To verify the specific function of phosphorylation, researchers reconstituted RNF40-knockout cells with wild-type, non-phosphorylatable mutant (2A), and phosphomimetic mutant (2E). The 2A mutant failed to maintain PLK1 localization at centrosomes, leading to impaired microtubule nucleation, abnormal chromosome alignment, delayed mitotic exit, and increased multinucleated cells. In contrast, the 2E mutant fully rescued these defects. Further analysis confirmed that loss of phosphorylation (2A) directly causes abnormal chromosome numbers and genome instability. Notably, this regulatory function of RNF40 depends entirely on its phosphorylation status rather than its traditional E3 ubiquitin ligase activity.

Figure 4. RNF40 phosphorylation promotes PLK1 localization, microtubule nucleation, and accurate chromosome segregation

The acetylation-phosphorylation dynamic switch serves as a temporal gate for cascade activation

To explore whether RNF40 is inhibited by any modification during interphase, the researchers found that RNF40 is acetylated by PCAF during interphase (G1/S phase), and this modification is removed by HDAC1 as the cell cycle enters G2/M phase. Experiments showed a clear antagonistic relationship between RNF40 acetylation and phosphorylation: inhibiting deacetylation significantly reduced RNF40 phosphorylation levels and its binding to CDK1. This demonstrates that RNF40 undergoes a dynamic transition of “interphase acetylation lock, followed by G2/M deacetylation and phosphorylation activation.” This modification switch acts as a temporal gate for signal transduction, precisely controlling the activation timing of the CDK1-RNF40-PLK1 signaling cascade.

Figure 5. PCAF-mediated acetylation of RNF40 inhibits its phosphorylation

Association of RNF40 modification abnormalities with tumorigenesis and therapeutic strategies

Functional validation experiments confirmed the biological significance of the RNF40 “acetylation-phosphorylation” switch: persistent acetylation mimic (2Q) directly caused microtubule nucleation defects and increased aneuploidy, while the double-mimic mutant (2Q-2E) fully reversed the phenotype, proving that the defects stem from insufficient phosphorylation.
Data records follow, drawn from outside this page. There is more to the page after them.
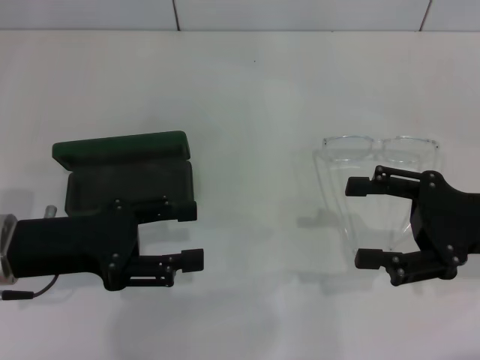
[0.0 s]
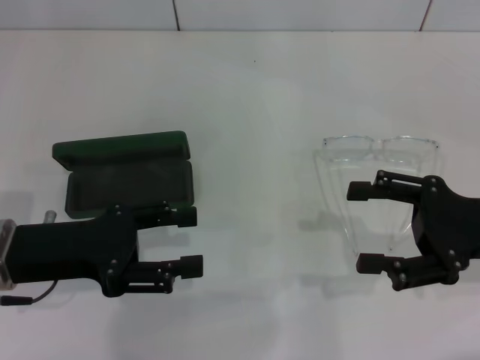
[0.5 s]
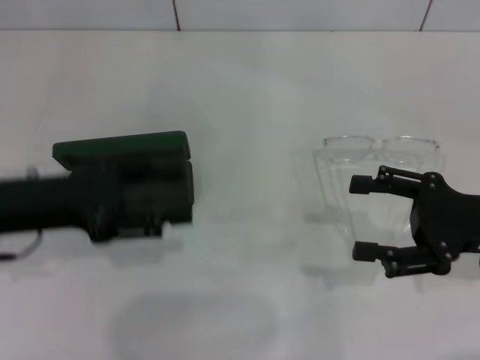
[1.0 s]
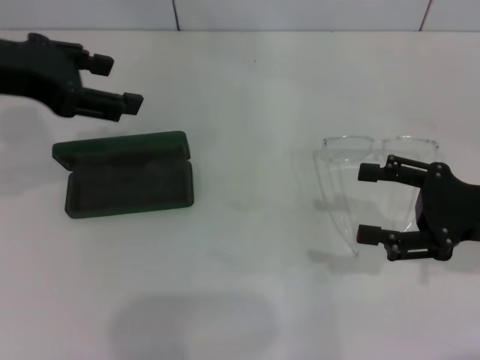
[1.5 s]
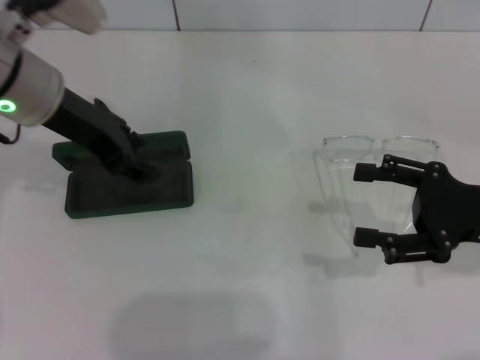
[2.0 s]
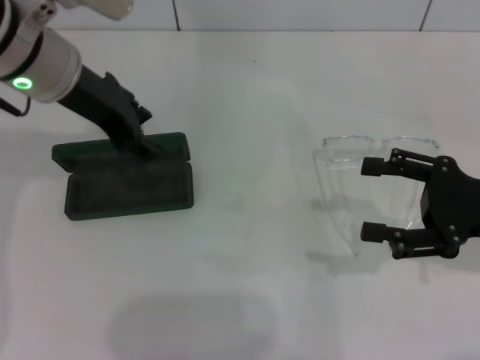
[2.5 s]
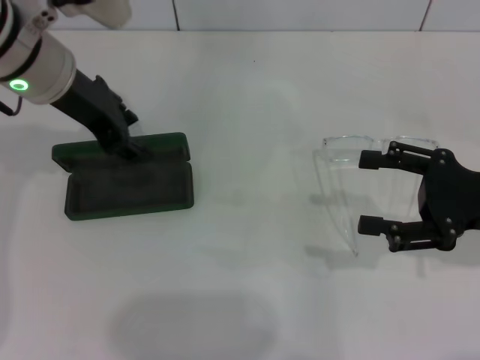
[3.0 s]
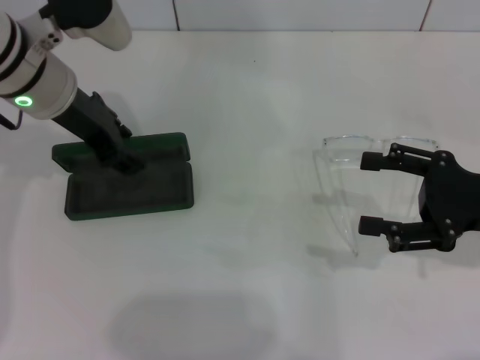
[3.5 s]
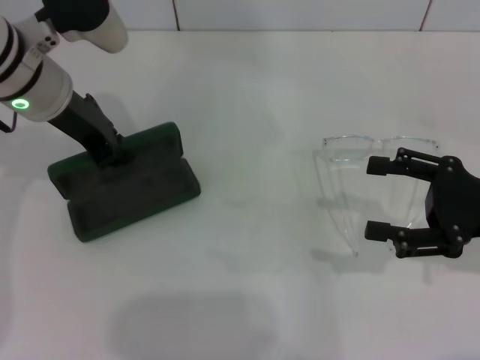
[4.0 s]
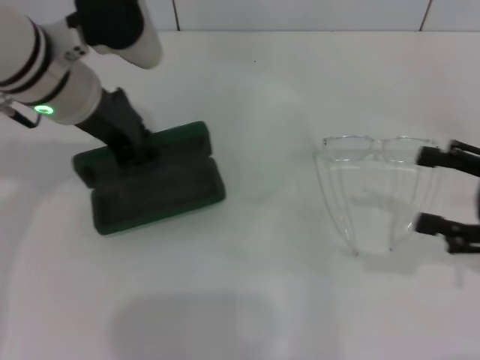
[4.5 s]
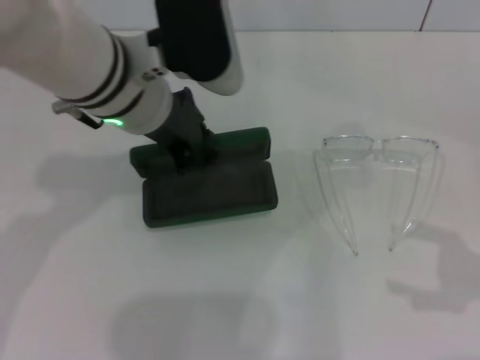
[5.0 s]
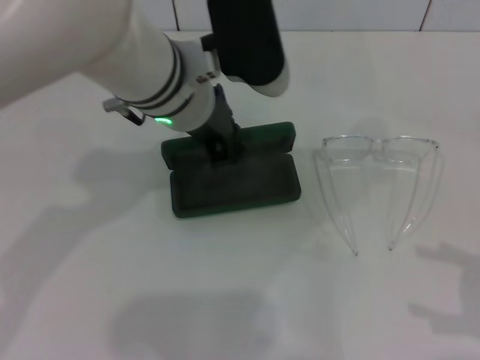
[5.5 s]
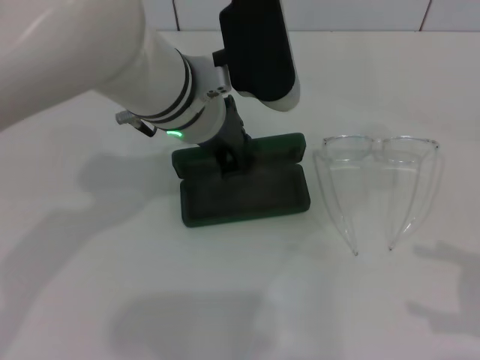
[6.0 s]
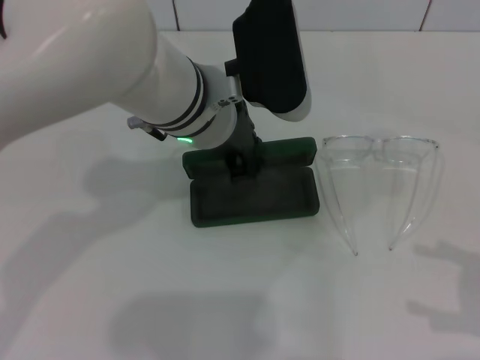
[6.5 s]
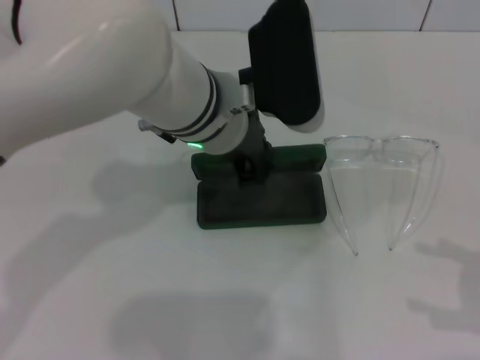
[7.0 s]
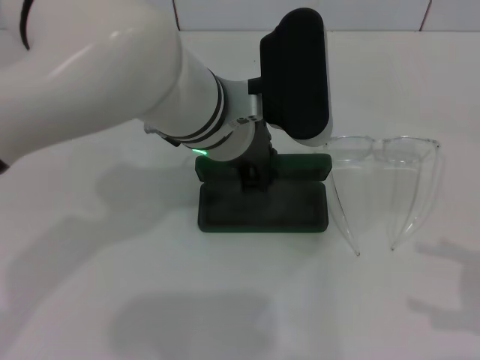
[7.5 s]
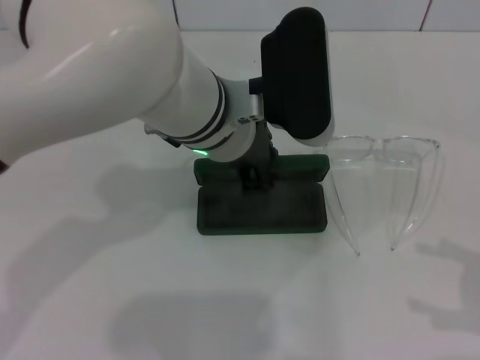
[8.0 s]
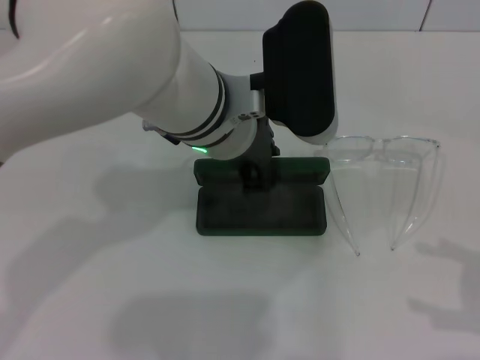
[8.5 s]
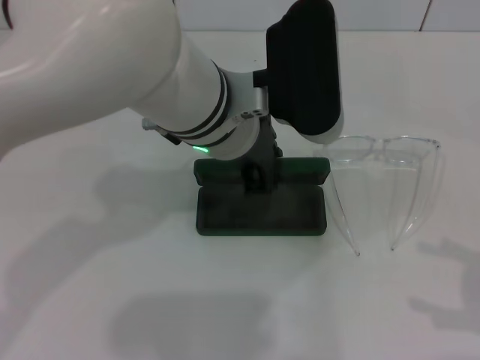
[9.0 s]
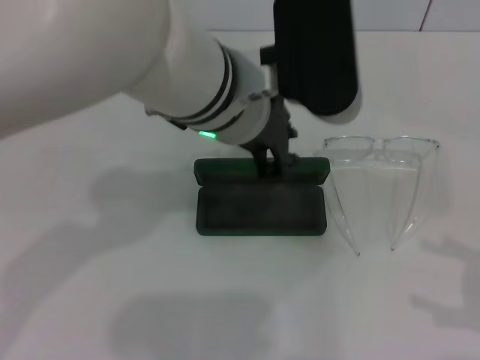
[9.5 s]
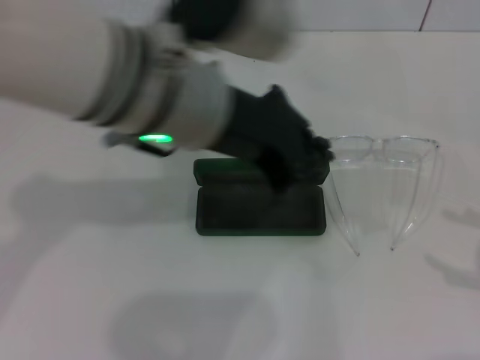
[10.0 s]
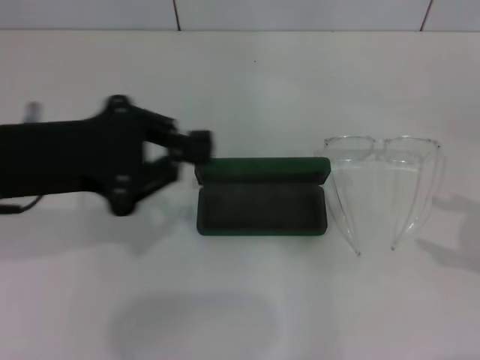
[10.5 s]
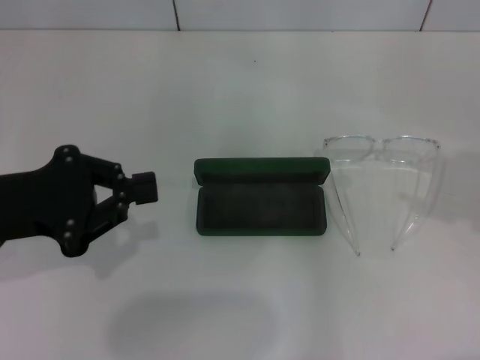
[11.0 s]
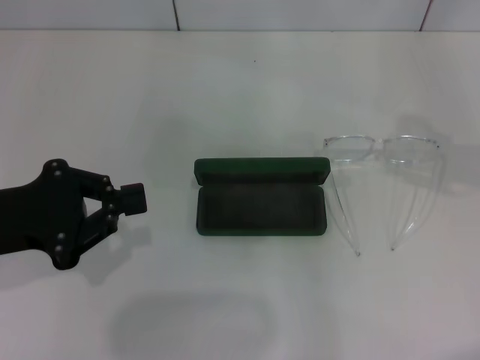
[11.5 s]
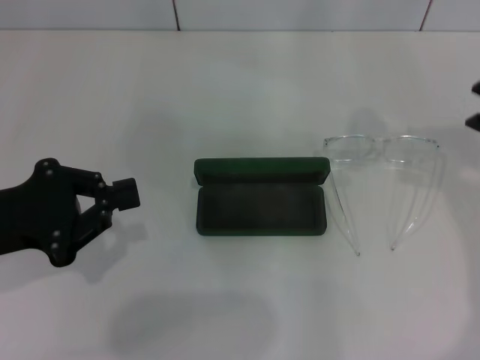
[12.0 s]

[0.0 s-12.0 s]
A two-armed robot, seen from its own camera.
Step, 0.0 to 4.0 s: Grab the glasses case with your left hand.
Step, 4.5 to 9.0 s: Place the glasses case in the center of the table with your left hand.
0.0 to 2.0 s: The left gripper is displaced forward, upward and to the right by roughly 15 cm.
2.0 to 4.0 s: The left gripper closes up.
4.0 to 6.0 s: The right gripper travels to the right and backward by roughly 15 cm. The left gripper is displaced to the right by about 15 cm.
8.0 to 10.0 s: The left gripper is displaced upward by roughly 5 cm.
10.0 to 12.0 s: The right gripper shifts some 25 cm to the left, forward and upward, and closes up; the left gripper travels to the left and downward by about 25 cm.

In animal experiments, tumors expressing the acetylation-mimetic mutant (2Q) showed significantly suppressed growth, with reduced tumor volume, lower proliferation index, and increased chromosome missegregation. Clinical data further supported this finding: RNF40 is highly expressed in colorectal cancer and positively correlates with cancer stage and lymph node metastasis. In addition, specific cancer-associated mutations in RNF40 block phosphorylation, leading to centrosome dysfunction.

Figure 6. Crosstalk between RNF40 acetylation and phosphorylation affects tumor growth

The study is the first to position RNF40 as a temporal node in centrosome maturation, revealing a precise post-translational modification switching strategy in the cell cycle. It provides a new perspective for understanding mitotic fidelity and tumorigenesis, and opens a new window for developing anti-cancer strategies targeting centrosome-spindle abnormalities.